If you have an accountant, they too will receive notification, so they can start preparing the relevant documents for the investigation. This might involve permission to access accounting or business software used to record business information, so that HMRC can view the records digitally and move the investigation along quickly.

HMRC Parameters

How Long Does an HMRC Investigation Take?

Depending on the type of enquiry, an HMRC tax investigation can take anywhere from a few days to a couple of months. The information requested will usually have a bearing on how long the process takes. The process can be time-consuming, especially if extensive documentation and detailed reviews are required.

HMRC can conclude an investigation in several ways. For minor, unintentional violations of tax regulations, a warning is often given. In cases of clear violation, the tax investigation will end in the business being charged a proportionate fine on top of the unpaid tax – corporation or income tax. In some cases, you may also be required to pay any underpaid tax or outstanding tax liabilities identified during the investigation.

HMRC may issue penalties if they:

  • Find consistent errors in the account sheets and business records (even if it was unintentional)
  • Prove deliberate omission of important information on tax return documents
  • Confirm an attempt to conceal income

 

A criminal charge of tax fraud is possible if a sole trader has consistently and deliberately evaded tax, but this is usually reserved for the most extreme cases. In most scenarios, the likely outcome is a hefty fine.

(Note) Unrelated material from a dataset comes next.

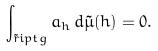Convert formula to latex. <formula><loc_0><loc_0><loc_500><loc_500>\int _ { \tilde { r } i p t g } a _ { h } \, d \tilde { \mu } ( h ) = 0 .</formula> 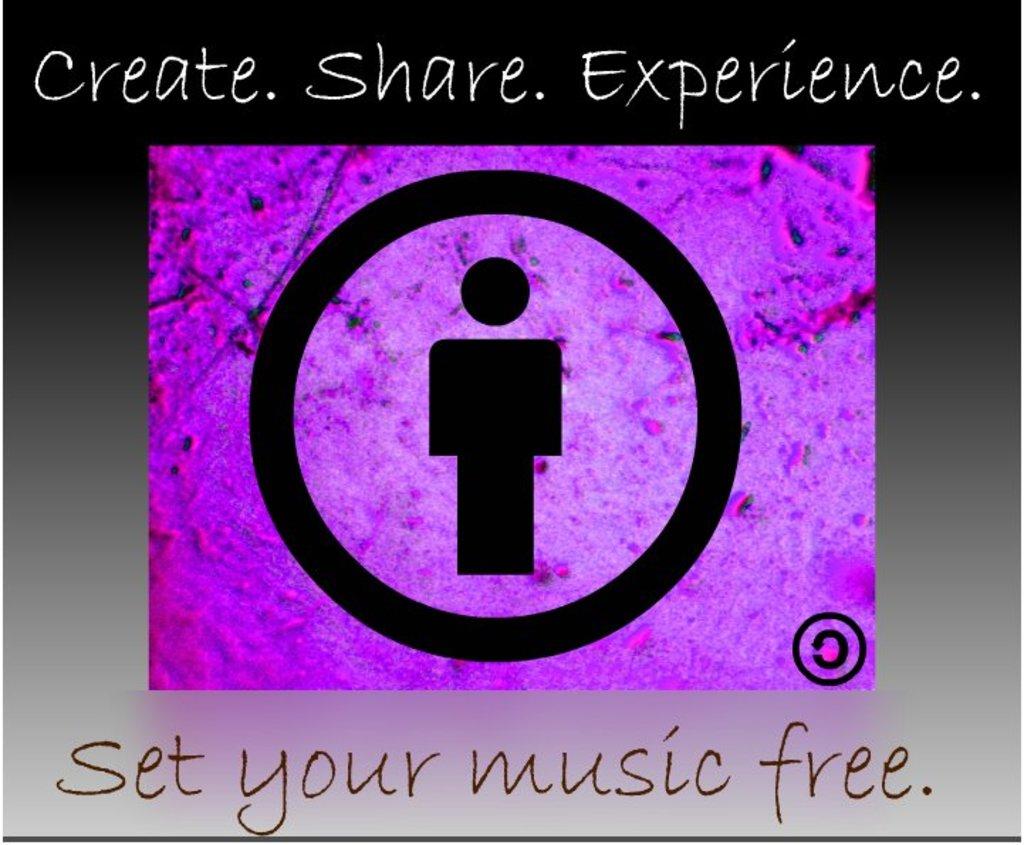What should we set free?
Offer a terse response. Music. What are the words on top of the picture?
Provide a short and direct response. Create. share. experience.

Business owners can challenge HMRC’s decision within 30 days of the conclusion of the investigation should they disagree with their findings. If you don’t already have professional support in place, then you may need to contact a legal adviser or accounting expert at this point.

If found guilty and in addition to any penalties, HMRC may insist upon periodic checks of your financial records to ensure you are filing accurate tax returns and you are fully aware of your responsibilities as a business owner.

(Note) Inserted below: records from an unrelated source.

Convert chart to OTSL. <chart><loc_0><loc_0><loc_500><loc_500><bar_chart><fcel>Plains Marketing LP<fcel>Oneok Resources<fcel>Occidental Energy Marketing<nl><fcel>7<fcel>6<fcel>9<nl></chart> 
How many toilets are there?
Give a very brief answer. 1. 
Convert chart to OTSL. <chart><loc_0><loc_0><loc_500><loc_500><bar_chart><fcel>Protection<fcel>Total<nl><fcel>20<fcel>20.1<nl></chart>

Do HMRC Always Investigate Tip-Offs?

When do HMRC investigate self-employed people as the result of a tip off? There will always be a preliminary check to see if there is enough evidence to corroborate what has been alleged, but unless they already have their suspicions, they won’t usually go any further.

When checking the validity of a tip-off, HMRC will typically review previous assessments and tax returns to ensure they are accurate. If HMRC finds a discrepancy, then an investigation may follow.

Do HMRC Do Random Checks?

HMRC do carry out random checks and audits on different sole traders and businesses each year, but with so many business owners in the UK, the chances of your company being selected are usually quite slim. However, businesses that present a significant risk due to discrepancies or unusual activities in their tax records are more likely to be selected for random checks. Some trades and industries are higher profile, for example, taxi drivers, along with other self-employed individuals, who are often under scrutiny due to the nature of their income reporting.

The best way to be prepared for an unexpected check or investigation is to always ensure your financial records are up-to-date and easily available.

Final Thoughts

As a business owner, you have a duty to get your self-assessment tax return right. Tax laws exist to prevent money laundering, tax avoidance and other issues that can get in the way of the government receiving legitimate revenue which it uses to fund public services. We recommend hiring an accountant or a tax advisor as your business develops, to ensure you keep your financial procedures and tax reporting healthy and in good shape. If you also need to submit VAT returns, then this is a double imperative.

Whatever you decide to do, you should find comfort in the fact that HMRC doesn’t actively try to catch honest business owners out. You need only fear HMRC investigations if your tax affairs are not strictly above board.